Fernandez Prendes Carlota, Mascia Daniele, Melissano Germano, Chiesa Roberto, Kahlberg Andrea
Vascular Surgery, Vita-Salute University School of Medicine, San Raffaele Scientific Institute, Milano, Italy; Vascular Surgery, Hospital Universitario Central de Asturias, Oviedo, Spain.
Vascular Surgery, Vita-Salute University School of Medicine, San Raffaele Scientific Institute, Milano, Italy.
Ann Vasc Surg. 2019 Nov;61:461-465. doi: 10.1016/j.avsg.2019.05.023. Epub 2019 Aug 2.

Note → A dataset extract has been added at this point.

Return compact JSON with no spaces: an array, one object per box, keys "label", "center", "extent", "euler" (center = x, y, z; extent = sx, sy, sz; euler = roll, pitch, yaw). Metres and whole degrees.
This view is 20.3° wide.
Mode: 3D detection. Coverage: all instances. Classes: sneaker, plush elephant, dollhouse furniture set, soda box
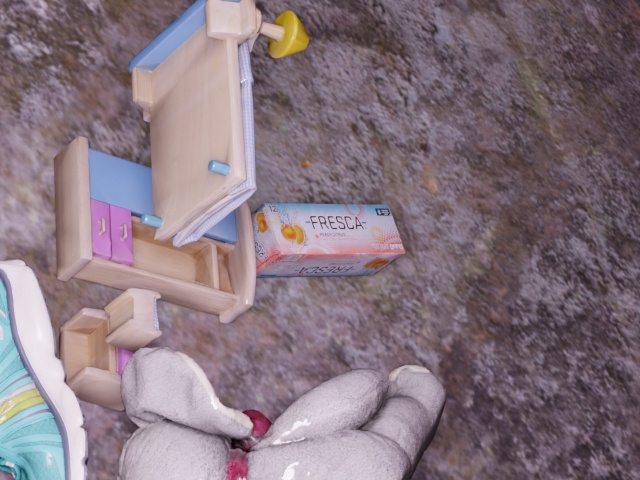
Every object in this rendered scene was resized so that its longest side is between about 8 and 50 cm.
[{"label":"sneaker","center":[-0.269,0.148,1.523],"extent":[0.110,0.107,0.275],"euler":[-12,66,-26]},{"label":"plush elephant","center":[-0.062,0.222,1.559],"extent":[0.255,0.271,0.330],"euler":[17,4,11]},{"label":"dollhouse furniture set","center":[-0.081,-0.025,1.637],"extent":[0.198,0.303,0.286],"euler":[16,53,-34]},{"label":"soda box","center":[0.000,0.000,1.881],"extent":[0.183,0.058,0.063],"euler":[1,63,-43]}]

The purpose of this article is to describe the techniques used to deploy a Gore® Excluder® abdominal aortic aneurysm (AAA) and iliac branch endoprosthesis (IBE) in a short aortoiliac anatomy, expanding treatment options of a patient otherwise unfit for endovascular repair. Four strategies were used to shorten the total length of the components, achieving a reduction of over 3 cm during deployment: a pull-pull technique on a through-and-through guidewire to accommodate the IBE onto the iliac bifurcation, deployment in a "cross-limb" configuration, foreshortening of the iliac bridging component during release, and final proximal shortening of the AAA main body thanks to the C3 repositionable delivery system.
本文的目的是描述在短主动脉髂部解剖结构中部署戈尔®腹主动脉瘤(AAA)和髂支血管内修复装置(IBE)所使用的技术,从而为原本不适合进行血管内修复的患者拓展治疗选择。采用了四种策略来缩短组件的总长度,在部署过程中实现了超过3厘米的缩短:在贯穿导丝上采用拉拉技术,以便将IBE放置到髂动脉分叉处;以“交叉肢体”配置进行部署;在释放过程中缩短髂部桥接组件;以及借助C3可重新定位输送系统最终对AAA主体进行近端缩短。